Imperial dynasty of China that followed the disintegration of the Northern Wei

Wei (/weɪ/), known in historiography as the Western Wei (西魏 (Xī Wèi)), was an imperial dynasty of China that followed the disintegration of the Northern Wei. One of the Northern dynasties during the era of the Northern and Southern dynasties, it ruled the western part of northern China from 535 to 557 AD. As with the Northern Wei dynasty that preceded it, the ruling family of the Western Wei were members of the Tuoba clan of the Xianbei.

==History==
After the Xianbei general Yuwen Tai killed the Northern Wei emperor Yuan Xiu, he installed Yuan Baoju as emperor of Western Wei while Yuwen Tai would remain as the virtual ruler. Although smaller than the Eastern Wei in territory and population, Western Wei was able to withstand the attacks from the eastern empire, most notably at the Battle of Shayuan in 537. Due to its better economical conditions, Western Wei was even able to conquer the whole western part of the Liang empire in the south and occupied the territory of modern Sichuan. In 557 Yuwen Tai's nephew Yuwen Hu deposed Emperor Gong and placed Yuwen Tai's son Yuwen Jue on the throne, ending Western Wei and establishing Northern Zhou.

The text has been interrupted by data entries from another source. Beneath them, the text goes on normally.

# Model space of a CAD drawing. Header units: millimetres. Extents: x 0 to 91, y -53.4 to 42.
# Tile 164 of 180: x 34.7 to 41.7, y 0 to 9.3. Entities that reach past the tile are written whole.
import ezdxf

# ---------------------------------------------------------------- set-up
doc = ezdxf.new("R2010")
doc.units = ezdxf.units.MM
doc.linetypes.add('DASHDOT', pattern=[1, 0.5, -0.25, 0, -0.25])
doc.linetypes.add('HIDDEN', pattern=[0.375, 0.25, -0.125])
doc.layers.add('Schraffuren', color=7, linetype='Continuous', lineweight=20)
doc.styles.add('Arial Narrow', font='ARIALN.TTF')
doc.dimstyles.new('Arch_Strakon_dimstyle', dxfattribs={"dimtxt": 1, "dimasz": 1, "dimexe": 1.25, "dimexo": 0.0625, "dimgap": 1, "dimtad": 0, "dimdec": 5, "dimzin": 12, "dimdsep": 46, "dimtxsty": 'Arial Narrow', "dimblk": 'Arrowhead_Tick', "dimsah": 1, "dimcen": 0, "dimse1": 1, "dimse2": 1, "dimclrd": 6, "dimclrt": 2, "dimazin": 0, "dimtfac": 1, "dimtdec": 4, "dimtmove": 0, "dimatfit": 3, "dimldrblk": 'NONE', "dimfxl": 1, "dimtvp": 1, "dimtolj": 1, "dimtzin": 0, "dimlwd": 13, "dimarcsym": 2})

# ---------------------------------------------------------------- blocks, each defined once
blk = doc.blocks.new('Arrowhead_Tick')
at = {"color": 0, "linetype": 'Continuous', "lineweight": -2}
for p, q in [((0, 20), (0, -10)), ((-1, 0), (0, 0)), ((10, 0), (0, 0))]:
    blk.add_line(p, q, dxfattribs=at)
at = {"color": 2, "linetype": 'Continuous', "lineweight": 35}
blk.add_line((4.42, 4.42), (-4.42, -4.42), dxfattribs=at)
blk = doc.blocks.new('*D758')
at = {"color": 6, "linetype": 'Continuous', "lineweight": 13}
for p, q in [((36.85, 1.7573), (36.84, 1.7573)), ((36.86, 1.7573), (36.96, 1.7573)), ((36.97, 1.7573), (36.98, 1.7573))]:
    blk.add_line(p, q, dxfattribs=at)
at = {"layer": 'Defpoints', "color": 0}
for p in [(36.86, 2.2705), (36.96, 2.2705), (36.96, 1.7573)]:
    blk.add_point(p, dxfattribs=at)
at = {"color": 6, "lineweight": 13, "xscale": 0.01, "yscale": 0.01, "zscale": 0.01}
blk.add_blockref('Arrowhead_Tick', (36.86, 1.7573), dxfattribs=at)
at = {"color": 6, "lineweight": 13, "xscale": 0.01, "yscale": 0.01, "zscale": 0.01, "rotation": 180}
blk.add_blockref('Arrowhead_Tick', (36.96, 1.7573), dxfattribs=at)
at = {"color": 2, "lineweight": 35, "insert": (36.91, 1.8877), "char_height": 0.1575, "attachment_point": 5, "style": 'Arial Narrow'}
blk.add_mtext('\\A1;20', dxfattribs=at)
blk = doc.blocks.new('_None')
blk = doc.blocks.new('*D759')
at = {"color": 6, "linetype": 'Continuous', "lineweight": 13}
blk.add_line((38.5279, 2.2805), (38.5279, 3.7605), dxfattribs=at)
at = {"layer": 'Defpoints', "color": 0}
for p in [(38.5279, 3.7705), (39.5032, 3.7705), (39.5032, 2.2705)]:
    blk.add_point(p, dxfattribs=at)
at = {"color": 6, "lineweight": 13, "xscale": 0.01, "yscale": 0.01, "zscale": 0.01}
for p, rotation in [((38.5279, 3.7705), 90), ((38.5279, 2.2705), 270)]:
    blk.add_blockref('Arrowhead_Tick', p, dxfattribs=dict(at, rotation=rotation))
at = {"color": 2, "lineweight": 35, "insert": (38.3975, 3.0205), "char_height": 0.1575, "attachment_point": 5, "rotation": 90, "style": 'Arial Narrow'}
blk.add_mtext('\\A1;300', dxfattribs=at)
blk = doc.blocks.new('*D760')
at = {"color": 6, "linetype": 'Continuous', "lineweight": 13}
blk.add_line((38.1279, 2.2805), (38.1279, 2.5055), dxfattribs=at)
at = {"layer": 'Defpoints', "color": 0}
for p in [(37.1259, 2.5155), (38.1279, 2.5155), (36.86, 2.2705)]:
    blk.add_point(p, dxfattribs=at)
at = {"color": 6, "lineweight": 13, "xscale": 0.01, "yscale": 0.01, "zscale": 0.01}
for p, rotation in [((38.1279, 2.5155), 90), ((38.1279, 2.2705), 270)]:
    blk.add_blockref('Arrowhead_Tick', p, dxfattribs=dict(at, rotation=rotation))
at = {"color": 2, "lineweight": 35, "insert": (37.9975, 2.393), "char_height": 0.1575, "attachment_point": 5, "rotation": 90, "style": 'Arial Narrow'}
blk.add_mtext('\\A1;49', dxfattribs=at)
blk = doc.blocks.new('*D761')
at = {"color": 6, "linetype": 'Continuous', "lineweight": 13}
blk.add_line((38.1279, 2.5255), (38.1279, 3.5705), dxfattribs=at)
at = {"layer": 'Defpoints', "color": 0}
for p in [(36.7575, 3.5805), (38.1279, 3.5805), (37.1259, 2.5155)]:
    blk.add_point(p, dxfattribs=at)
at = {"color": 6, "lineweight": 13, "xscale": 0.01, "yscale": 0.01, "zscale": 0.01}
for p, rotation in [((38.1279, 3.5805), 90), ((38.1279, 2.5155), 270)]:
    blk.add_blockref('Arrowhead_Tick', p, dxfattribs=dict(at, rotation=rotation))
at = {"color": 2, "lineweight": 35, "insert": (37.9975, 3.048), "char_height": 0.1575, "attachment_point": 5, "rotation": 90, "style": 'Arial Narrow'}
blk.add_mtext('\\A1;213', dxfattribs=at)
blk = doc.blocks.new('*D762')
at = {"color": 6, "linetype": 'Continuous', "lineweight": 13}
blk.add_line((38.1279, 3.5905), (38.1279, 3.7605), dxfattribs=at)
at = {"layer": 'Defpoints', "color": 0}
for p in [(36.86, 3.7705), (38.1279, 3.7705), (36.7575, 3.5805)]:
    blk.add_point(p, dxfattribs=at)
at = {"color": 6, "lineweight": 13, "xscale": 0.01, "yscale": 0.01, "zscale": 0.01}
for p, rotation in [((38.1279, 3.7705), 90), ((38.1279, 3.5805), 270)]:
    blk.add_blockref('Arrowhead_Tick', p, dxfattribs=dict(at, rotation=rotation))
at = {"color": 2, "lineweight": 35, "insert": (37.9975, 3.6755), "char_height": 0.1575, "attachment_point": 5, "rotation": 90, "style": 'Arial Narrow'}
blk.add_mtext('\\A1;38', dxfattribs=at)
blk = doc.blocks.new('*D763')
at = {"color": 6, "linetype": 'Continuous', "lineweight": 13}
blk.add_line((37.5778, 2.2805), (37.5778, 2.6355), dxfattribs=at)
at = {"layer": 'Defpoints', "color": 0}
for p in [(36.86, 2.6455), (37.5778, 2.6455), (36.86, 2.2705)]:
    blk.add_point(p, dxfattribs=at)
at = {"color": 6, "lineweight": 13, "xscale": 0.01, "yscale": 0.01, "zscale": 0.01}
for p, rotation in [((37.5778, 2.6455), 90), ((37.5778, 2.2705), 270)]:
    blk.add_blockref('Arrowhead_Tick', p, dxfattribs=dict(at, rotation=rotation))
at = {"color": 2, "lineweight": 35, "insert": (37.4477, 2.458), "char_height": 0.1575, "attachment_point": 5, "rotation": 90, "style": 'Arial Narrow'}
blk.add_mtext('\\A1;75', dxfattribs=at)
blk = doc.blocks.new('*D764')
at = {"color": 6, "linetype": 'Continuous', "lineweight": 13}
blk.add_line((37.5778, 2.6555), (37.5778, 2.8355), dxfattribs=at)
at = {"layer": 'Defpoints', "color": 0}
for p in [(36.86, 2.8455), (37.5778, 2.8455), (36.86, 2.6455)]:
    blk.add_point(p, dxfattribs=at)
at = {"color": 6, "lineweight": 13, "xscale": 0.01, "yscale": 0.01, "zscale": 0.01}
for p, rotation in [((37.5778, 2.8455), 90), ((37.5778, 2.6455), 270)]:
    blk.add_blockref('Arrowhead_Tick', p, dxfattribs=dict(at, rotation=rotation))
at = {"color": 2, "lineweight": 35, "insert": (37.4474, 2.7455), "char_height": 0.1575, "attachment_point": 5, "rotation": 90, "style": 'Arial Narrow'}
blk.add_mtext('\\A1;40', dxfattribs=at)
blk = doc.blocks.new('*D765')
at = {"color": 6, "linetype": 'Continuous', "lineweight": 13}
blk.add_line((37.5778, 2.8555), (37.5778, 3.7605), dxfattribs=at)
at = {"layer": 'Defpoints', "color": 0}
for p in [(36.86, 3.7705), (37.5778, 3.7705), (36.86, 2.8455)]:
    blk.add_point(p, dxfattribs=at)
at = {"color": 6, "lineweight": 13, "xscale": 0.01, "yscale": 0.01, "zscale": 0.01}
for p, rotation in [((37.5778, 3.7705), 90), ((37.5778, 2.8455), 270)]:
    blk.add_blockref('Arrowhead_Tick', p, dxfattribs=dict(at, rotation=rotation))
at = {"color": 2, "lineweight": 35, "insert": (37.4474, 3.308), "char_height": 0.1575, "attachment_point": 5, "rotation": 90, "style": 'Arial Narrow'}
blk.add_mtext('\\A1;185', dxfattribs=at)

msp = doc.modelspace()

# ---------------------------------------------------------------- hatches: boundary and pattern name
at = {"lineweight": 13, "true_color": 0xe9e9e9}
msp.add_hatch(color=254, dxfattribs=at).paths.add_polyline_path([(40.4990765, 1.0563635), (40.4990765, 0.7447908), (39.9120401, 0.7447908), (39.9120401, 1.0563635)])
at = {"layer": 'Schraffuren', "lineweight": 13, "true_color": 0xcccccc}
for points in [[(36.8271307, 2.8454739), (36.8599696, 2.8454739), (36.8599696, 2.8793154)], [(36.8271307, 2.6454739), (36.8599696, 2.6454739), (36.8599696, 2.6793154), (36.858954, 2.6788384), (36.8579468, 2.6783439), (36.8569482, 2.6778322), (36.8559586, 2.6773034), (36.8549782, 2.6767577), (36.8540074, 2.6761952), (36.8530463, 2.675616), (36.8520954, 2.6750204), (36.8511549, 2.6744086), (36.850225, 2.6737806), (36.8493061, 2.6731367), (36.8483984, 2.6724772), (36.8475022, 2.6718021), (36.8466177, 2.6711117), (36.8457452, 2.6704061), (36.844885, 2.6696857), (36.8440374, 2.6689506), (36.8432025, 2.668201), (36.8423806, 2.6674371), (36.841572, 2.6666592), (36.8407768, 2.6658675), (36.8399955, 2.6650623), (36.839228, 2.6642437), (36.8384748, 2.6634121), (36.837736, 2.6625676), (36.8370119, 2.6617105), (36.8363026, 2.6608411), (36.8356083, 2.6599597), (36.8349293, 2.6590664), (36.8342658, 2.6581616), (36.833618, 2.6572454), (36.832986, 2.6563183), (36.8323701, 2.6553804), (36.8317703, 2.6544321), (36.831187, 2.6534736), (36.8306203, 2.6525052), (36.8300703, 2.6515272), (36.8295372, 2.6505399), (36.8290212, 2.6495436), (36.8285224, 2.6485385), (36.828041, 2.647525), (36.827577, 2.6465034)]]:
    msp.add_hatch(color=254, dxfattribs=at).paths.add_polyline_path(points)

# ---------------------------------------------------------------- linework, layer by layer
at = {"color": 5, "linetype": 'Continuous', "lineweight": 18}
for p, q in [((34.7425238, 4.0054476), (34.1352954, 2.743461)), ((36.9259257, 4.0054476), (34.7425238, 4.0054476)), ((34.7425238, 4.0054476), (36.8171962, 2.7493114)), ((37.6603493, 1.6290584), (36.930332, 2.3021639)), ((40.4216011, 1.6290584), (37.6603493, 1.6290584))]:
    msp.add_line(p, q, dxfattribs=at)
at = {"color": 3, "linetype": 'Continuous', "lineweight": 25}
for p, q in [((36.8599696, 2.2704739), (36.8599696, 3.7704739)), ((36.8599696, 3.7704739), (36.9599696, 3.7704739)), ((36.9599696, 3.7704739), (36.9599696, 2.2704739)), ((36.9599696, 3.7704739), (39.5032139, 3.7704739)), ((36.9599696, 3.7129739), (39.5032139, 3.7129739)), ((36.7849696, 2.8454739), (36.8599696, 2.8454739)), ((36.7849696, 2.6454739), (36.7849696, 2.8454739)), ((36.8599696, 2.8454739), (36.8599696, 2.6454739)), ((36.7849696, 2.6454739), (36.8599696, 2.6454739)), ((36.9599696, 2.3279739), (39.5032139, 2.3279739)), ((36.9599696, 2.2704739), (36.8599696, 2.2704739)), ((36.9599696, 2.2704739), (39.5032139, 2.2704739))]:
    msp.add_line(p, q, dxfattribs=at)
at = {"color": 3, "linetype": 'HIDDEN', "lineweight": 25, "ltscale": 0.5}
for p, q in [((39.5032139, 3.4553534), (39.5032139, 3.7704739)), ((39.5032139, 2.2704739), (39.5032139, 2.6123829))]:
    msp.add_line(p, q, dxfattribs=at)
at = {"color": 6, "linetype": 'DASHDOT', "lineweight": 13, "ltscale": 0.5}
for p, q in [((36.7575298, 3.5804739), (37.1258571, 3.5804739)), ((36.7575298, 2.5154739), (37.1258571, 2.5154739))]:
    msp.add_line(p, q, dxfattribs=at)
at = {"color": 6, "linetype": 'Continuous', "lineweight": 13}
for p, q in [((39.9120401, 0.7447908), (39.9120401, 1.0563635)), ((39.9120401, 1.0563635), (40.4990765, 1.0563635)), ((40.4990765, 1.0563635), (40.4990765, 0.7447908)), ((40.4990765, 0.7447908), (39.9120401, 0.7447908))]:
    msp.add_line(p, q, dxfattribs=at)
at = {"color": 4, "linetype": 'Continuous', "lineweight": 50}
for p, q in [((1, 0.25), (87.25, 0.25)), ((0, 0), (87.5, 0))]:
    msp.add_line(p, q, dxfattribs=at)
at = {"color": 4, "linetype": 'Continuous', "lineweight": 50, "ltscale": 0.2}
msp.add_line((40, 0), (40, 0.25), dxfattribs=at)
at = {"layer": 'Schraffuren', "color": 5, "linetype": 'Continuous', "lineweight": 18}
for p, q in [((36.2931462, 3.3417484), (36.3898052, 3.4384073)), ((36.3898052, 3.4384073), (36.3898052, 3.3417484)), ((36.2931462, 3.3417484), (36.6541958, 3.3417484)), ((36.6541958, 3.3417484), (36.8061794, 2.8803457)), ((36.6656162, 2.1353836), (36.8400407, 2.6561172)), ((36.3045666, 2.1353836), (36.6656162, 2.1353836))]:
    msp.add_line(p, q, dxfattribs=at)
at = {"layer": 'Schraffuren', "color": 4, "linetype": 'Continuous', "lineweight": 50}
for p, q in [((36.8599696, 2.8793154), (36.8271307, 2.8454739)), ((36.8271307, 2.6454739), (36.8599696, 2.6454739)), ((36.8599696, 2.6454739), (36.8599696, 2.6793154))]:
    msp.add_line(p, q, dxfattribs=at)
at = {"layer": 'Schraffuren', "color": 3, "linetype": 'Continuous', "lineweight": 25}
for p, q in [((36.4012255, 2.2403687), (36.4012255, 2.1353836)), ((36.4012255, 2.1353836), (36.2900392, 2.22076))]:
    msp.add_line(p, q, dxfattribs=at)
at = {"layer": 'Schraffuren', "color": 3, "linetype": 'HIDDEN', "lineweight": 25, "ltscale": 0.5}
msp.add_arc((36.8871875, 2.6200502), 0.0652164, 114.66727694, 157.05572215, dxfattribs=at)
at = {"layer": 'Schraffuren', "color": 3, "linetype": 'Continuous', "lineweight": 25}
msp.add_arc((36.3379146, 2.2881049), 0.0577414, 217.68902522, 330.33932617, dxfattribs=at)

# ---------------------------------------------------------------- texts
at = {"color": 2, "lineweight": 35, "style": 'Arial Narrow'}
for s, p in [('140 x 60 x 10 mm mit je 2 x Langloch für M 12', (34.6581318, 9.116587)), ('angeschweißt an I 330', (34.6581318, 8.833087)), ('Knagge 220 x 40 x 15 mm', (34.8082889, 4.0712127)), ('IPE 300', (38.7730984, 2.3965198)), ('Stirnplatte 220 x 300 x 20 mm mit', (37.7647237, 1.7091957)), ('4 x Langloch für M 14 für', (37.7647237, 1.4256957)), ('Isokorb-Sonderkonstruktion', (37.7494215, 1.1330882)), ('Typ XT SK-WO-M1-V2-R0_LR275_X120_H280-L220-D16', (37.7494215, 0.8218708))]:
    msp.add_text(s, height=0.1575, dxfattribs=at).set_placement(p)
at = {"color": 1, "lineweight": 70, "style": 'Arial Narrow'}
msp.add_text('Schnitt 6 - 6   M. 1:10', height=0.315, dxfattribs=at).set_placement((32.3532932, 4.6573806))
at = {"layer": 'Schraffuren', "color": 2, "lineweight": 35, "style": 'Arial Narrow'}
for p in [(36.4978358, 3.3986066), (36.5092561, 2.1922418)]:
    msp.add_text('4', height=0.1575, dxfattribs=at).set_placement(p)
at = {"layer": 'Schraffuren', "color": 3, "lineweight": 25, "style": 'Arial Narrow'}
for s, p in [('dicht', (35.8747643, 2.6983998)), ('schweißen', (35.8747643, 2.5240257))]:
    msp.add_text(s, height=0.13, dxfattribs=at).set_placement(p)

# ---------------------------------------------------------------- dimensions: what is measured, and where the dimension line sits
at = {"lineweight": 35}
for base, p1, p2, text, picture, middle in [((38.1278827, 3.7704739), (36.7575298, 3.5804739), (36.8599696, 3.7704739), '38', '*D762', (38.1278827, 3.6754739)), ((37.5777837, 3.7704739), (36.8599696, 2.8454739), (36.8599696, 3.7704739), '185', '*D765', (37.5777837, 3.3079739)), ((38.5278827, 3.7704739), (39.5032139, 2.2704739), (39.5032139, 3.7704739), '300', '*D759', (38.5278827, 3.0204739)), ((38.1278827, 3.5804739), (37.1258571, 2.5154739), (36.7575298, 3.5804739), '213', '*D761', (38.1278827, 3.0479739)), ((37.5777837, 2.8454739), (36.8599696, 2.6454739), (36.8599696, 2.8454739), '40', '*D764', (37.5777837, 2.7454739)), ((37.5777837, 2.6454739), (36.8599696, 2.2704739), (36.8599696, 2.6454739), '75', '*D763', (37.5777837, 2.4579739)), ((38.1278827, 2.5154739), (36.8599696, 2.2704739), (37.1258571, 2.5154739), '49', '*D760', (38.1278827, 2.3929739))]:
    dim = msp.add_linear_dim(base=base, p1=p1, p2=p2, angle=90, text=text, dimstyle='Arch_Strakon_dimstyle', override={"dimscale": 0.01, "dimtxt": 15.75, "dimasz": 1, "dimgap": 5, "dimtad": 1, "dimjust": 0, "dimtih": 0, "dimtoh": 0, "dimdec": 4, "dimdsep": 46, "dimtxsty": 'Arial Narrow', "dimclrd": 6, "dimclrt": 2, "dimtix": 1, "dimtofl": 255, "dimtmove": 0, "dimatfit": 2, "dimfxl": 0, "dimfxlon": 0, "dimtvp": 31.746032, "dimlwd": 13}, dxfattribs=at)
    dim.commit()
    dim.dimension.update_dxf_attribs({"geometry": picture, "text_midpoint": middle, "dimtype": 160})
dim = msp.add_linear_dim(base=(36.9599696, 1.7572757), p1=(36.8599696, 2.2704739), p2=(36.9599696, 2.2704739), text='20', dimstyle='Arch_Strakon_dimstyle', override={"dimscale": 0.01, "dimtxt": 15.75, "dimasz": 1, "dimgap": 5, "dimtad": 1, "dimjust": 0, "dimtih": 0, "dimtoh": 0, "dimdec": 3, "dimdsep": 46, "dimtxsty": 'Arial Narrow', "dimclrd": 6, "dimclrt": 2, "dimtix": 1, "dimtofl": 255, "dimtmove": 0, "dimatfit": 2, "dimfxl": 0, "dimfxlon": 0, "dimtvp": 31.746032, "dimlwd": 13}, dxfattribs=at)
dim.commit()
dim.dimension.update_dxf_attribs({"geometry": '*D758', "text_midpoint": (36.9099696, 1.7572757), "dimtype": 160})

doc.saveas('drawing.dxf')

Marital alliances with the nascent Turkic Empire also took place, as Bumin Qaghan (r.552), first khagan of the Göktürks, married the Western Wei princess Changle in June 551, before he was able to unite his tribes and revolt against the Rouran Empire, thereby establishing the First Turkic Khaganate in 552.

==Religion and art==
Buddhism and Buddhist art flourished under the Western Wei, even though the dynasty only lasted twenty-two years. Western Wei caves opened at Dunhuang and Maijishan.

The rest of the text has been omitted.